Nieuwe wet geeft provincies en gemeenten meer armslag
Scherpere sancties op beschadiging monumenten
DEN HAAG — De Tweede Kamer is gisteren in hoofdlijnen akkoord gegaan met liet wetsvoorstel van minister Brinkman van welzijn, volksgezondheid en cultuur ter vervanging van de Monumentenwet uit 1961. Het voorstel voorziet in de bescherming van architectuur, stads- en dorpsgezichten, archeologische vondsten, historische scheepswrakken en defensiemateriaal waaraan bijzondere herinneringen zijn verbonden.
De herziening van de Monumentenwet heeft tot doel de zorg voor cultuur-historische objecten te decentraliseren en te dereguleren.
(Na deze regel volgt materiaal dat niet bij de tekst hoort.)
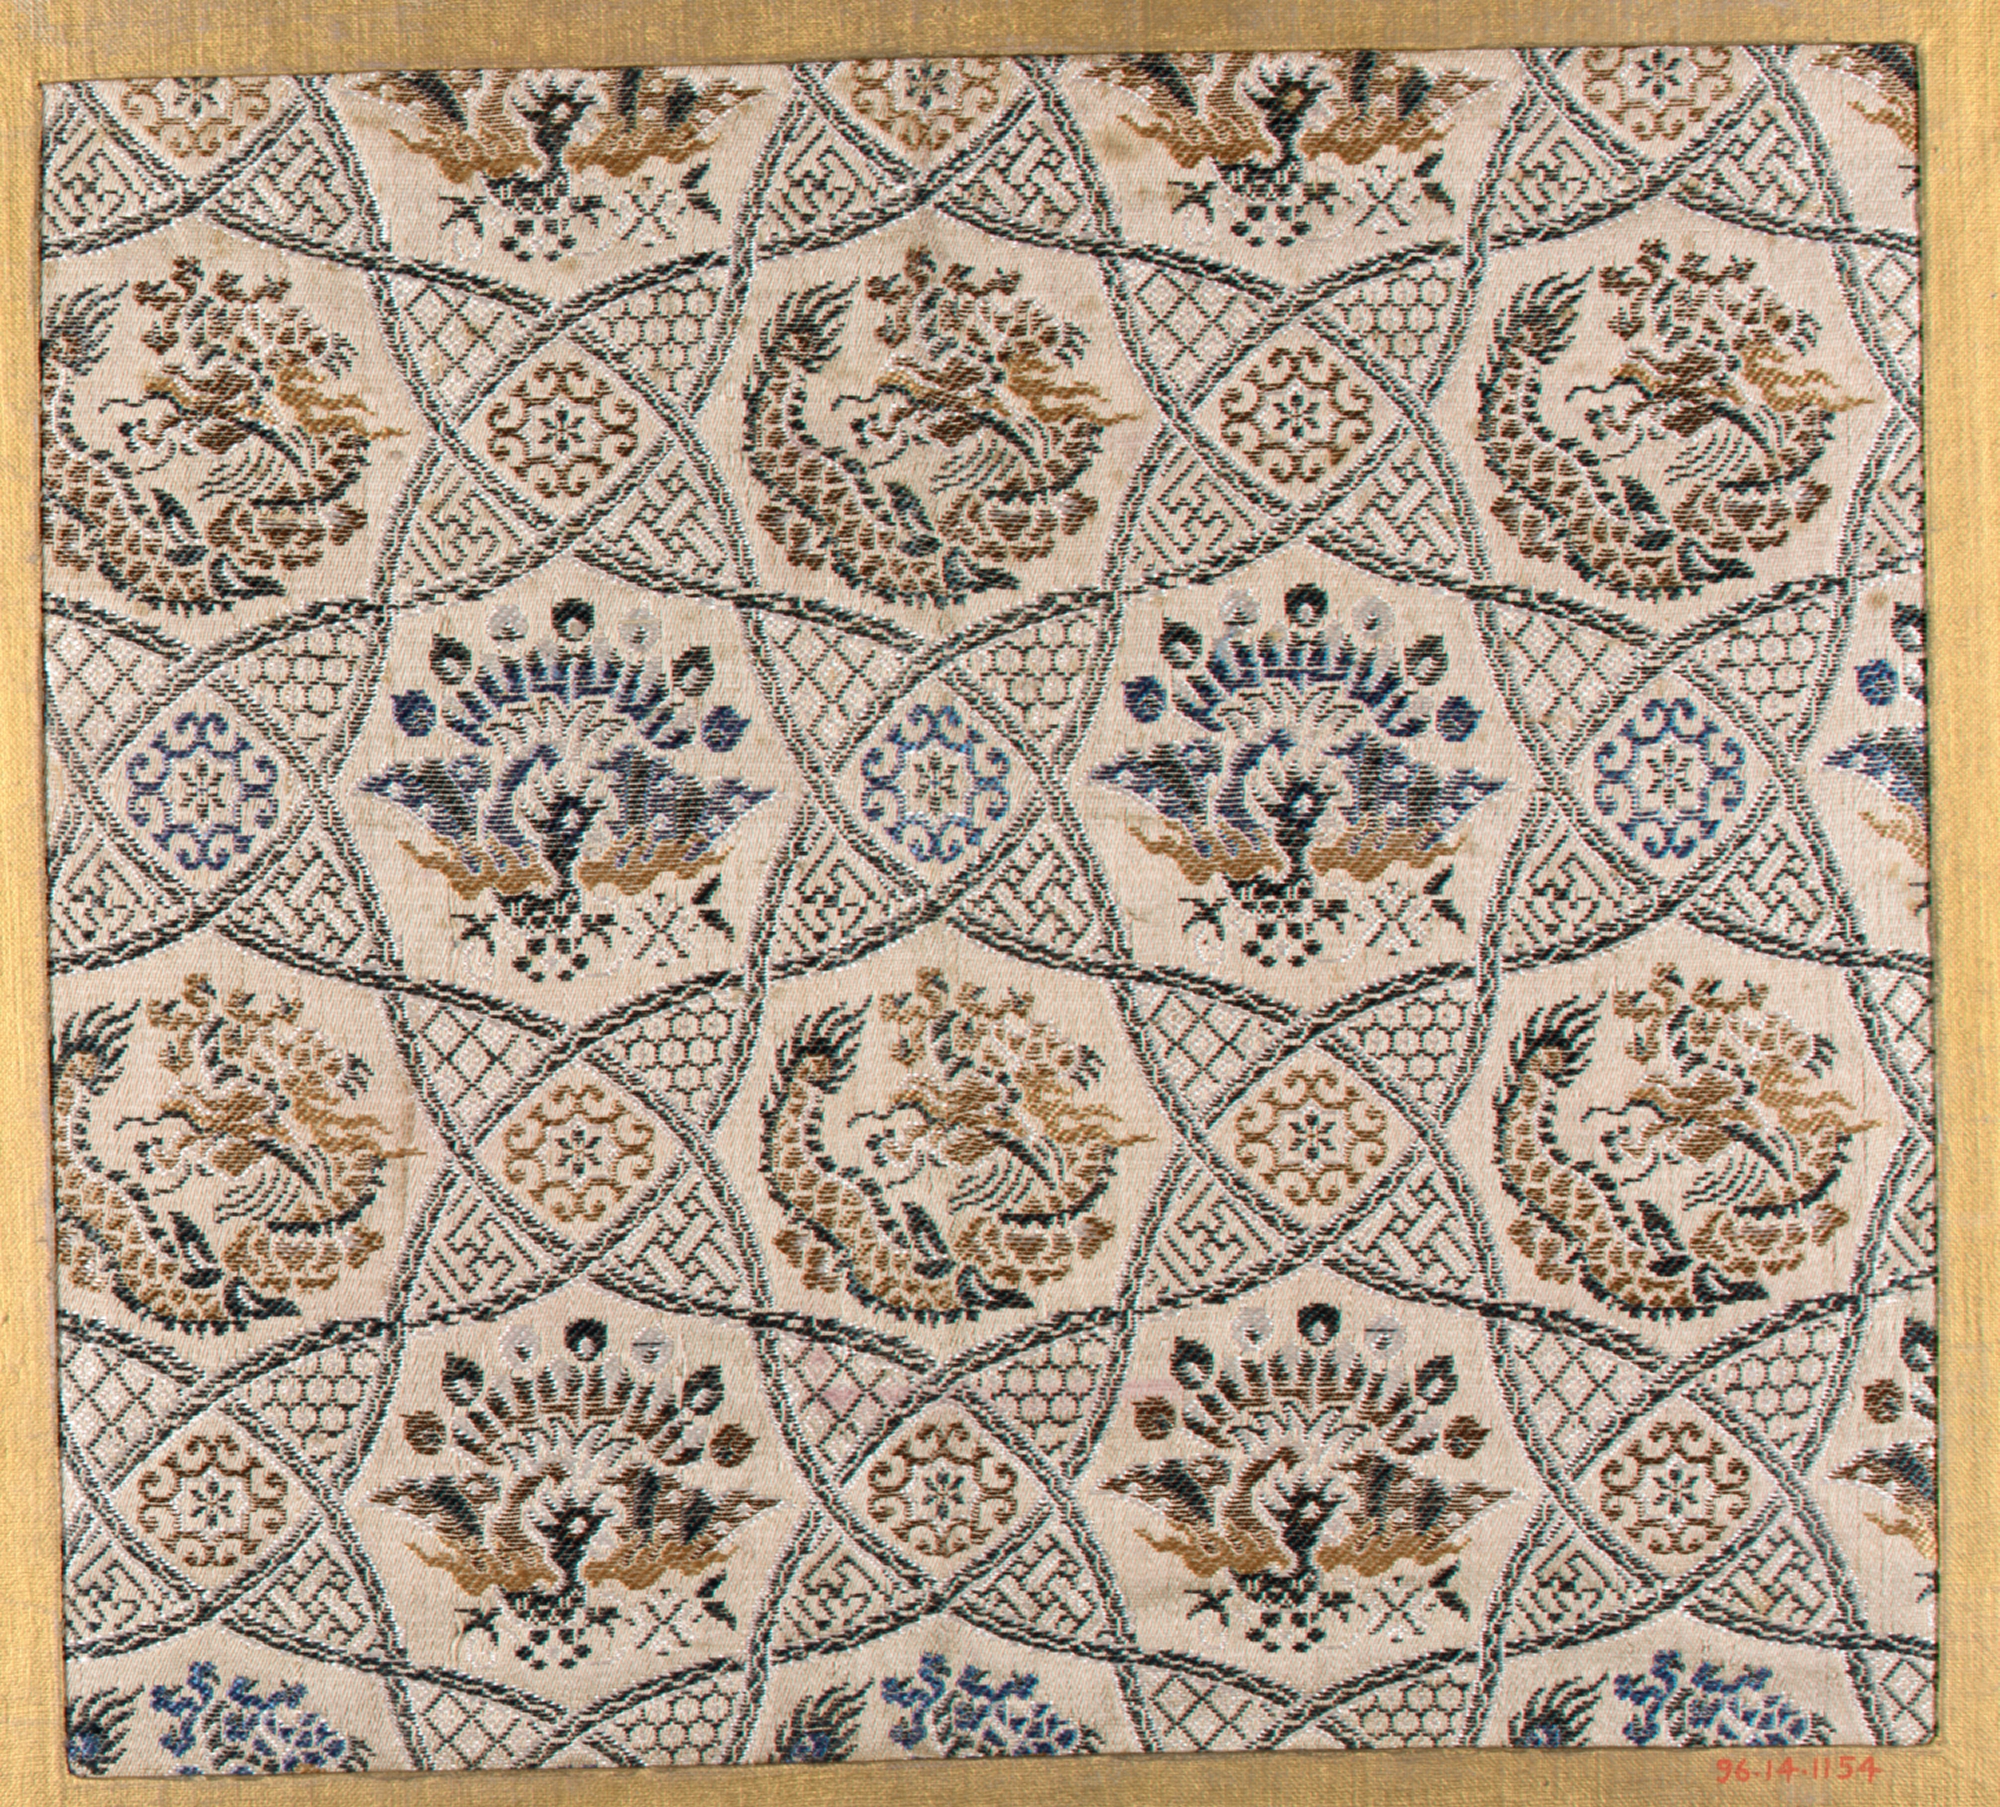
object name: piece
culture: japanese
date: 1701-1900
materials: silk
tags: birds,dragons
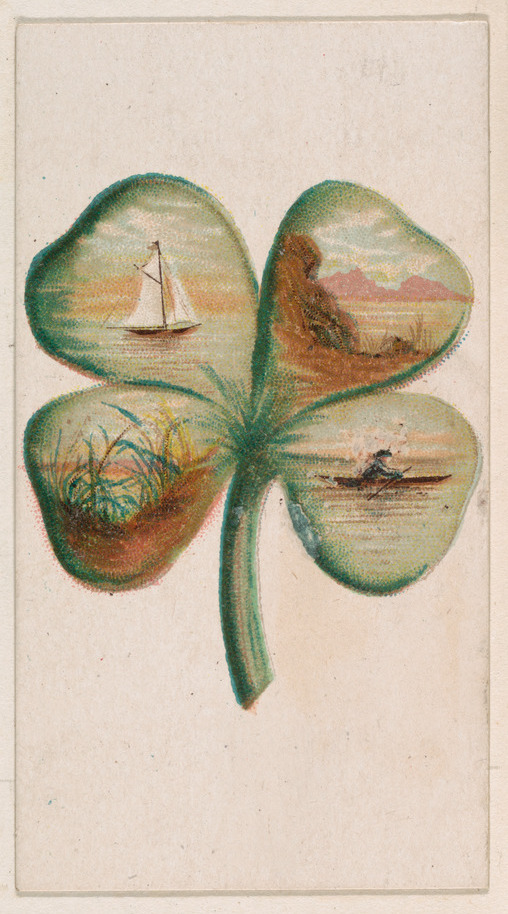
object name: print
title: Four-leaf clover, from the Novelties series (N228, Type 5) issued by Kinney Bros.
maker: kinney brothers tobacco company
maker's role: publisher
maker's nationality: american
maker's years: 1869-2011
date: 1889
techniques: color lithograph
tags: leaves,boats

Minister Brinkman sprak gisteren in de Kamer zijn voorkeur uit voor een gecontroleerde overheveling van bevoegdheden van de centrale overheid naar provinciaal en gemeentelijk niveau. Gemeenten die beschikken over een zogenaamde monumentenverordening zullen in de nabije toekomst zelfstandig kunnen beslissen over sloop of aanpassing van monumenten.
Vergunningen centraal
Gemeenten daarentegen die een dergelijke verordening niet kennen, blijven verantwoording schuldig aan de minister. Een poging van CDA, PvdA. D66 en SGP om de greep van de bewindsman op deze categorie te versoepelen stuitte op verzet van Brinkman. Zijn compromisvoorstel om de ministeriële greep op het vergunningenbeleid voor de eerstvolgende drie jaar te handhaven, waarna de wens van de Kamer „zo nodig" alsnog kan worden ingewilligd, verwierf uiteindelijk steun van de meerderheid. Van der Vlies onderbouwde zijn pleidooi met behulp van het op 28 maart verschenen eindrapport van de staatscommissie Hirsch Ballin, waarin wordt gewezen op de zorgwekkende staat waarin een aantal monumentale kerkgebouwen verkeert.
Onderhoudssubsidie
In aansluiting op hetgeen deze commissie heeft geadviseerd heeft de Kamer zich gisteren sterk gemaakt voor een verschuiving van restauratienaar onderhoudssubsidie. Het verstrekken van deze subsidie zal vermoedelijk worden gekoppeld aan een onderhoudsplicht.
Het voorstel van de regering om de financiële strafsanctie bij het opzettelijk beschadigen van een monument op te trekken van 10.000 naar 25.000 gulden stuitte op kritiek. Volgens Van der Vlies staat ook een maximumstraf van 25.000 gulden „in geen verhouding tot de schade die ontstaat bij het verioren gaan van een monument". Zijn voorstel om de maximum-boete te stellen op 100.000 gulden werd gesteund door alle fracties.
Een voorstel van de minister om gemeenten met een restauratiebudget van minder dan 50.000 gulden te verplichten dit geld in een provinciaal fonds te storten werd gewijzigd op initiatief van mevrouw Oomen (CDA). Zij stelde voor de grens voor deze verplichting te stellen bij een restauratiebudget van 100.000 gulden. Mevrouw Oomen kreeg steun voor haar voorstel van PvdA, SGP, GPV en D66.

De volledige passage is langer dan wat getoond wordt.